- Task instructions -
Would you reproduce each of the records below precisely, with the pictures left out?

------------------------------------

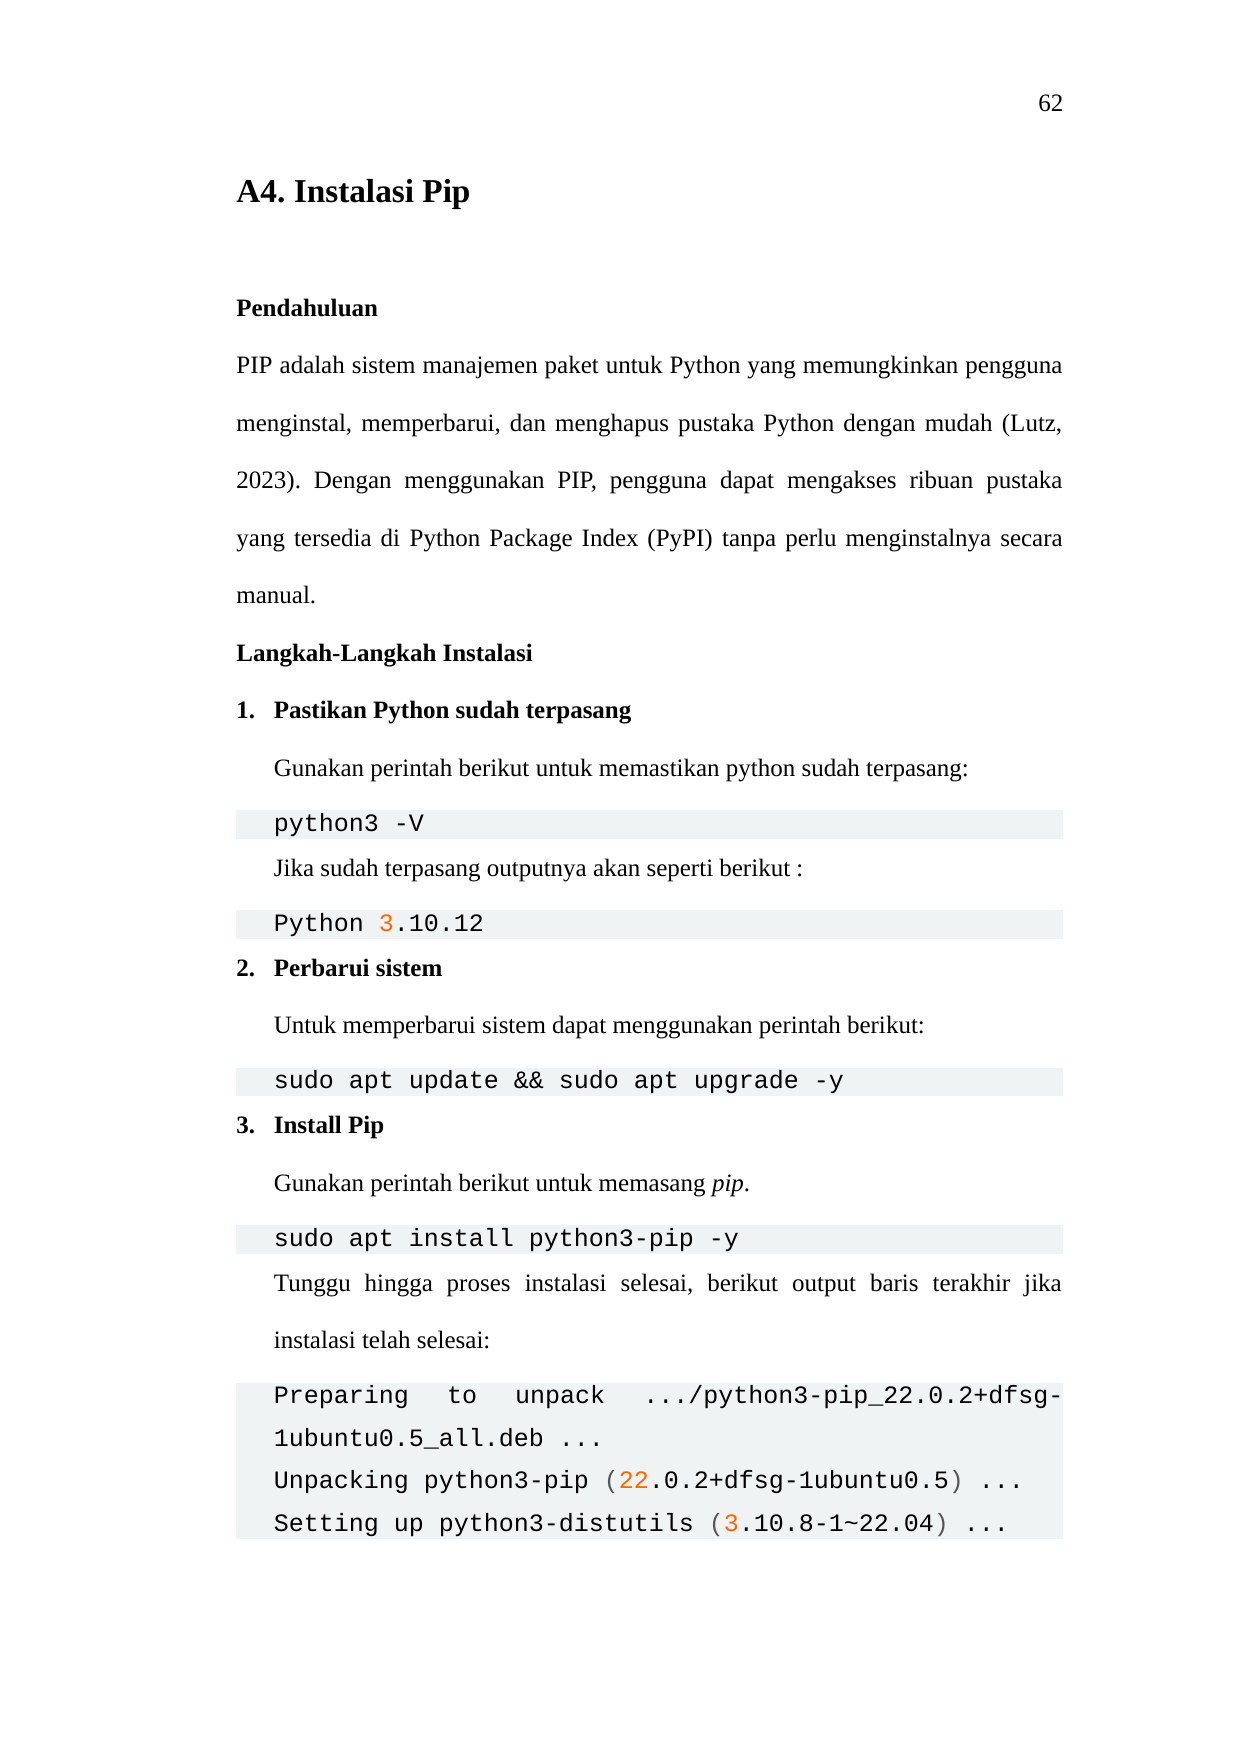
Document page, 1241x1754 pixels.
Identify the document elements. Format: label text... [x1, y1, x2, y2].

text python3 -V [236, 810, 1063, 839]
text sudo apt install python3-pip -y [236, 1225, 1063, 1254]
text Pendahuluan [236, 293, 1063, 322]
list Tunggu hingga proses instalasi selesai, berikut output baris terakhir jika instalasi telah selesai: [236, 1268, 1063, 1354]
subtitle A4. Instalasi Pip [236, 172, 1063, 210]
list Jika sudah terpasang outputnya akan seperti berikut : [236, 853, 1063, 882]
list Preparing to unpack .../python3-pip_22.0.2+dfsg-1ubuntu0.5_all.deb ... [236, 1383, 1063, 1454]
list Setting up python3-distutils (3.10.8-1~22.04) ... [236, 1510, 1063, 1539]
text Langkah-Langkah Instalasi [236, 638, 1063, 667]
text sudo apt update && sudo apt upgrade -y [236, 1068, 1063, 1096]
list Perbarui sistem [236, 953, 1063, 982]
list Gunakan perintah berikut untuk memasang pip. [236, 1168, 1063, 1197]
list Gunakan perintah berikut untuk memastikan python sudah terpasang: [236, 753, 1063, 782]
text PIP adalah sistem manajemen paket untuk Python yang memungkinkan pengguna menginstal, memperbarui, dan menghapus pustaka Python dengan mudah (Lutz, 2023). Dengan menggunakan PIP, pengguna dapat mengakses ribuan pustaka yang tersedia di Python Package Index (PyPI) tanpa perlu menginstalnya secara manual. [236, 350, 1063, 609]
list Python 3.10.12 [236, 910, 1063, 939]
list Pastikan Python sudah terpasang [236, 695, 1063, 724]
list Untuk memperbarui sistem dapat menggunakan perintah berikut: [236, 1010, 1063, 1039]
list Install Pip [236, 1110, 1063, 1139]
list Unpacking python3-pip (22.0.2+dfsg-1ubuntu0.5) ... [236, 1468, 1063, 1496]
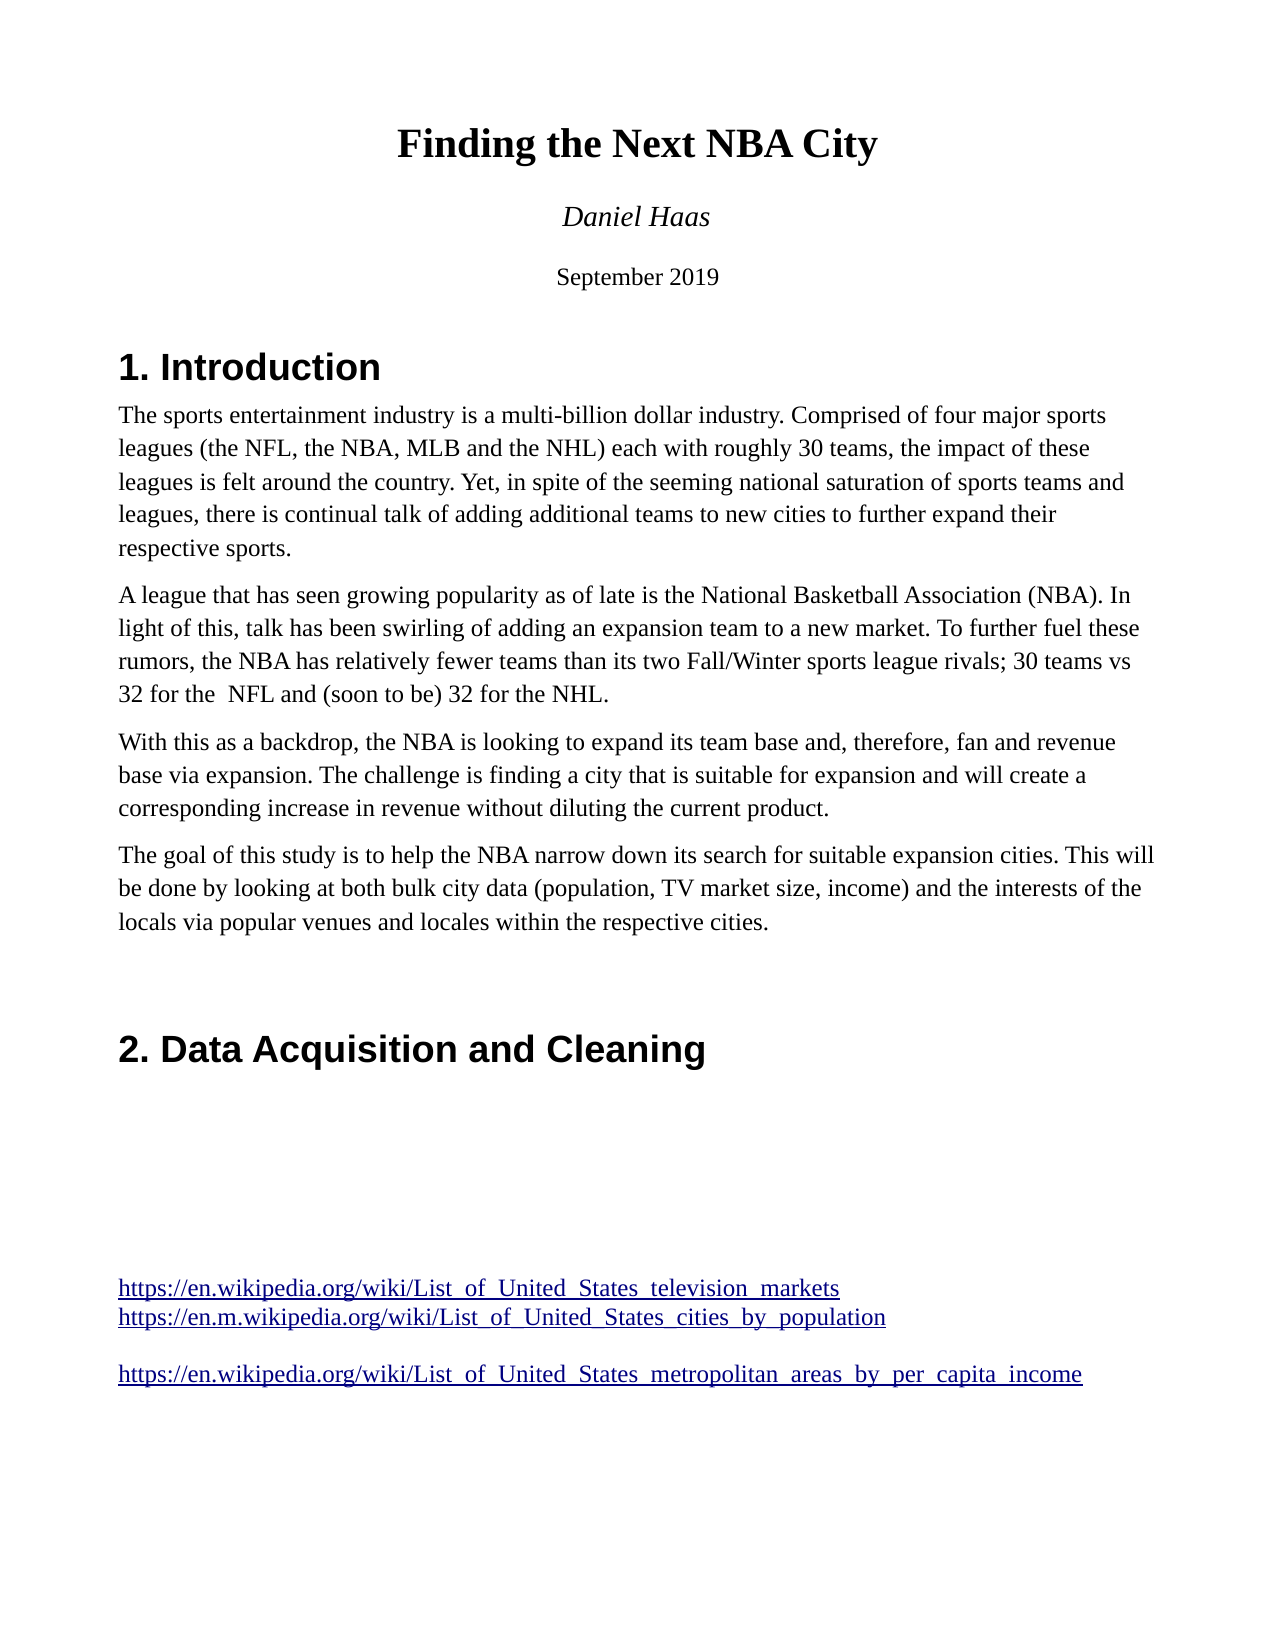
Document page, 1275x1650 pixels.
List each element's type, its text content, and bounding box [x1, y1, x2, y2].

text A league that has seen growing popularity as of late is the National Basketball Association (NBA). In light of this, talk has been swirling of adding an expansion team to a new market. To further fuel these rumors, the NBA has relatively fewer teams than its two Fall/Winter sports league rivals; 30 teams vs 32 for the NFL and (soon to be) 32 for the NHL. [118, 580, 1157, 708]
text Daniel Haas [118, 199, 1157, 233]
subtitle 2. Data Acquisition and Cleaning [118, 1027, 1157, 1070]
text With this as a backdrop, the NBA is looking to expand its team base and, therefore, fan and revenue base via expansion. The challenge is finding a city that is suitable for expansion and will create a corresponding increase in revenue without diluting the current product. [118, 727, 1157, 822]
text The goal of this study is to help the NBA narrow down its search for suitable expansion cities. This will be done by looking at both bulk city data (population, TV market size, income) and the interests of the locals via popular venues and locales within the respective cities. [118, 841, 1157, 935]
text https://en.m.wikipedia.org/wiki/List_of_United_States_cities_by_population [118, 1302, 1157, 1331]
text The sports entertainment industry is a multi-billion dollar industry. Comprised of four major sports leagues (the NFL, the NBA, MLB and the NHL) each with roughly 30 teams, the impact of these leagues is felt around the country. Yet, in spite of the seeming national saturation of sports teams and leagues, there is continual talk of adding additional teams to new cities to further expand their respective sports. [118, 401, 1157, 561]
text https://en.wikipedia.org/wiki/List_of_United_States_metropolitan_areas_by_per_capita_income [118, 1359, 1157, 1388]
text Finding the Next NBA City [118, 118, 1157, 166]
subtitle 1. Introduction [118, 344, 1157, 388]
text September 2019 [118, 262, 1157, 291]
text https://en.wikipedia.org/wiki/List_of_United_States_television_markets [118, 1273, 1157, 1302]
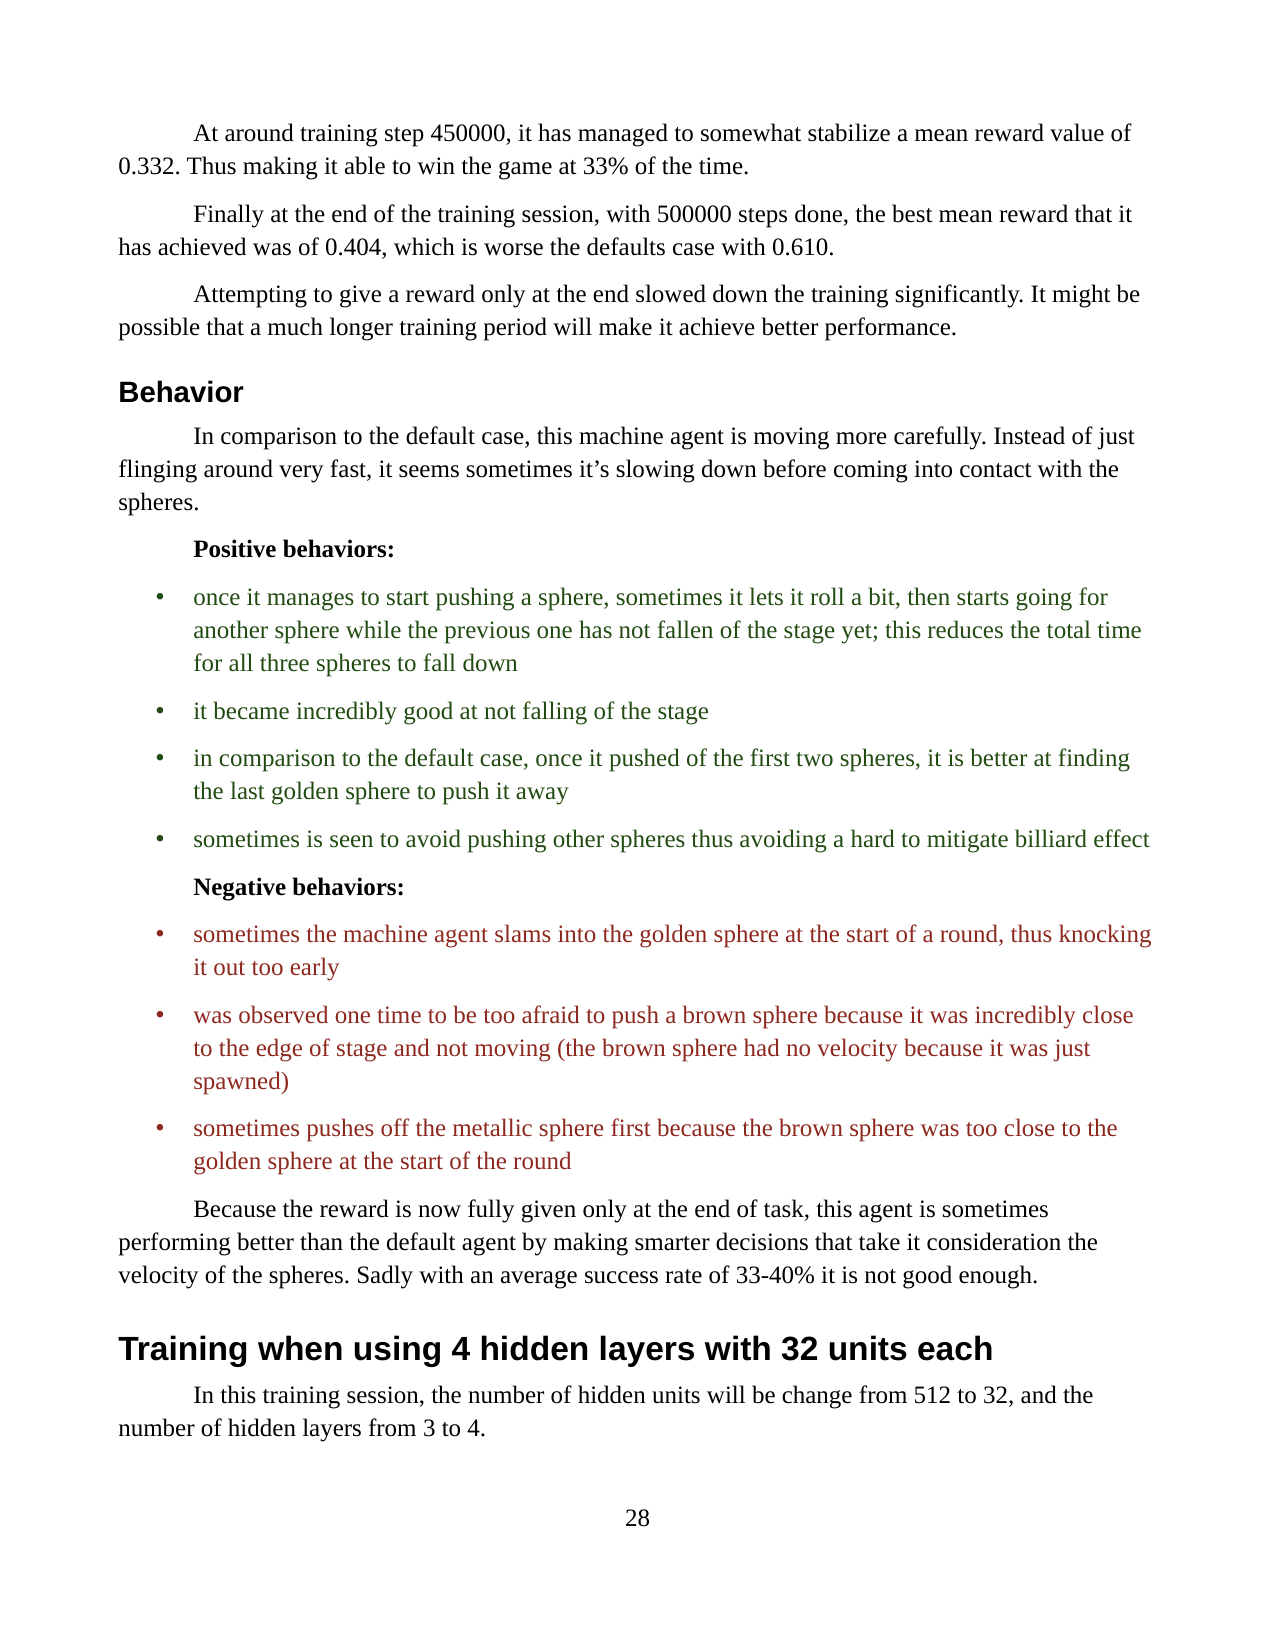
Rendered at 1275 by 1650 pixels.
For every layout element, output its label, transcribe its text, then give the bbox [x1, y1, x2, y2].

text At around training step 450000, it has managed to somewhat stabilize a mean reward value of 0.332. Thus making it able to win the game at 33% of the time. [118, 118, 1157, 180]
list once it manages to start pushing a sphere, sometimes it lets it roll a bit, then starts going for another sphere while the previous one has not fallen of the stage yet; this reduces the total time for all three spheres to fall down [156, 582, 1157, 677]
list Negative behaviors: [156, 872, 1157, 900]
list sometimes pushes off the metallic sphere first because the brown sphere was too close to the golden sphere at the start of the round [156, 1113, 1157, 1175]
list it became incredibly good at not falling of the stage [156, 696, 1157, 724]
text In this training session, the number of hidden units will be change from 512 to 32, and the number of hidden layers from 3 to 4. [118, 1380, 1157, 1441]
list was observed one time to be too afraid to push a brown sphere because it was incredibly close to the edge of stage and not moving (the brown sphere had no velocity because it was just spawned) [156, 1000, 1157, 1094]
text Finally at the end of the training session, with 500000 steps done, the best mean reward that it has achieved was of 0.404, which is worse the defaults case with 0.610. [118, 199, 1157, 261]
text Because the reward is now fully given only at the end of task, this agent is sometimes performing better than the default agent by making smarter decisions that take it consideration the velocity of the spheres. Sadly with an average success rate of 33-40% it is not good enough. [118, 1194, 1157, 1289]
subtitle Behavior [118, 374, 1157, 408]
list sometimes the machine agent slams into the golden sphere at the start of a round, thus knocking it out too early [156, 919, 1157, 981]
text Positive behaviors: [118, 534, 1157, 563]
text In comparison to the default case, this machine agent is moving more carefully. Instead of just flinging around very fast, it seems sometimes it’s slowing down before coming into contact with the spheres. [118, 421, 1157, 516]
subtitle Training when using 4 hidden layers with 32 units each [118, 1328, 1157, 1367]
list in comparison to the default case, once it pushed of the first two spheres, it is better at finding the last golden sphere to push it away [156, 743, 1157, 805]
text Attempting to give a reward only at the end slowed down the training significantly. It might be possible that a much longer training period will make it achieve better performance. [118, 279, 1157, 341]
list sometimes is seen to avoid pushing other spheres thus avoiding a hard to mitigate billiard effect [156, 824, 1157, 853]

------------------------------------

- Solution for this problem -
Document page, 1241x1754 pixels.
Identify the document elements. Format: label text... [x1, y1, x2, y2].

text python3 -V [236, 810, 1063, 839]
text sudo apt install python3-pip -y [236, 1225, 1063, 1254]
text Pendahuluan [236, 293, 1063, 322]
list Tunggu hingga proses instalasi selesai, berikut output baris terakhir jika instalasi telah selesai: [236, 1268, 1063, 1354]
subtitle A4. Instalasi Pip [236, 172, 1063, 210]
list Jika sudah terpasang outputnya akan seperti berikut : [236, 853, 1063, 882]
list Preparing to unpack .../python3-pip_22.0.2+dfsg-1ubuntu0.5_all.deb ... [236, 1383, 1063, 1454]
list Setting up python3-distutils (3.10.8-1~22.04) ... [236, 1510, 1063, 1539]
text Langkah-Langkah Instalasi [236, 638, 1063, 667]
text sudo apt update && sudo apt upgrade -y [236, 1068, 1063, 1096]
list Perbarui sistem [236, 953, 1063, 982]
list Gunakan perintah berikut untuk memasang pip. [236, 1168, 1063, 1197]
list Gunakan perintah berikut untuk memastikan python sudah terpasang: [236, 753, 1063, 782]
text PIP adalah sistem manajemen paket untuk Python yang memungkinkan pengguna menginstal, memperbarui, dan menghapus pustaka Python dengan mudah (Lutz, 2023). Dengan menggunakan PIP, pengguna dapat mengakses ribuan pustaka yang tersedia di Python Package Index (PyPI) tanpa perlu menginstalnya secara manual. [236, 350, 1063, 609]
list Python 3.10.12 [236, 910, 1063, 939]
list Pastikan Python sudah terpasang [236, 695, 1063, 724]
list Untuk memperbarui sistem dapat menggunakan perintah berikut: [236, 1010, 1063, 1039]
list Install Pip [236, 1110, 1063, 1139]
list Unpacking python3-pip (22.0.2+dfsg-1ubuntu0.5) ... [236, 1468, 1063, 1496]
Document page, 1275x1650 pixels.
List each element's type, its text content, and bounding box [x1, y1, x2, y2].

text A league that has seen growing popularity as of late is the National Basketball Association (NBA). In light of this, talk has been swirling of adding an expansion team to a new market. To further fuel these rumors, the NBA has relatively fewer teams than its two Fall/Winter sports league rivals; 30 teams vs 32 for the NFL and (soon to be) 32 for the NHL. [118, 580, 1157, 708]
text Daniel Haas [118, 199, 1157, 233]
subtitle 2. Data Acquisition and Cleaning [118, 1027, 1157, 1070]
text With this as a backdrop, the NBA is looking to expand its team base and, therefore, fan and revenue base via expansion. The challenge is finding a city that is suitable for expansion and will create a corresponding increase in revenue without diluting the current product. [118, 727, 1157, 822]
text The goal of this study is to help the NBA narrow down its search for suitable expansion cities. This will be done by looking at both bulk city data (population, TV market size, income) and the interests of the locals via popular venues and locales within the respective cities. [118, 841, 1157, 935]
text https://en.m.wikipedia.org/wiki/List_of_United_States_cities_by_population [118, 1302, 1157, 1331]
text The sports entertainment industry is a multi-billion dollar industry. Comprised of four major sports leagues (the NFL, the NBA, MLB and the NHL) each with roughly 30 teams, the impact of these leagues is felt around the country. Yet, in spite of the seeming national saturation of sports teams and leagues, there is continual talk of adding additional teams to new cities to further expand their respective sports. [118, 401, 1157, 561]
text https://en.wikipedia.org/wiki/List_of_United_States_metropolitan_areas_by_per_capita_income [118, 1359, 1157, 1388]
text Finding the Next NBA City [118, 118, 1157, 166]
subtitle 1. Introduction [118, 344, 1157, 388]
text September 2019 [118, 262, 1157, 291]
text https://en.wikipedia.org/wiki/List_of_United_States_television_markets [118, 1273, 1157, 1302]
Rendered at 1275 by 1650 pixels.
For every layout element, output its label, transcribe its text, then give the bbox [x1, y1, x2, y2].

text At around training step 450000, it has managed to somewhat stabilize a mean reward value of 0.332. Thus making it able to win the game at 33% of the time. [118, 118, 1157, 180]
list once it manages to start pushing a sphere, sometimes it lets it roll a bit, then starts going for another sphere while the previous one has not fallen of the stage yet; this reduces the total time for all three spheres to fall down [156, 582, 1157, 677]
list Negative behaviors: [156, 872, 1157, 900]
list sometimes pushes off the metallic sphere first because the brown sphere was too close to the golden sphere at the start of the round [156, 1113, 1157, 1175]
list it became incredibly good at not falling of the stage [156, 696, 1157, 724]
text In this training session, the number of hidden units will be change from 512 to 32, and the number of hidden layers from 3 to 4. [118, 1380, 1157, 1441]
list was observed one time to be too afraid to push a brown sphere because it was incredibly close to the edge of stage and not moving (the brown sphere had no velocity because it was just spawned) [156, 1000, 1157, 1094]
text Finally at the end of the training session, with 500000 steps done, the best mean reward that it has achieved was of 0.404, which is worse the defaults case with 0.610. [118, 199, 1157, 261]
text Because the reward is now fully given only at the end of task, this agent is sometimes performing better than the default agent by making smarter decisions that take it consideration the velocity of the spheres. Sadly with an average success rate of 33-40% it is not good enough. [118, 1194, 1157, 1289]
subtitle Behavior [118, 374, 1157, 408]
list sometimes the machine agent slams into the golden sphere at the start of a round, thus knocking it out too early [156, 919, 1157, 981]
text Positive behaviors: [118, 534, 1157, 563]
text In comparison to the default case, this machine agent is moving more carefully. Instead of just flinging around very fast, it seems sometimes it’s slowing down before coming into contact with the spheres. [118, 421, 1157, 516]
subtitle Training when using 4 hidden layers with 32 units each [118, 1328, 1157, 1367]
list in comparison to the default case, once it pushed of the first two spheres, it is better at finding the last golden sphere to push it away [156, 743, 1157, 805]
text Attempting to give a reward only at the end slowed down the training significantly. It might be possible that a much longer training period will make it achieve better performance. [118, 279, 1157, 341]
list sometimes is seen to avoid pushing other spheres thus avoiding a hard to mitigate billiard effect [156, 824, 1157, 853]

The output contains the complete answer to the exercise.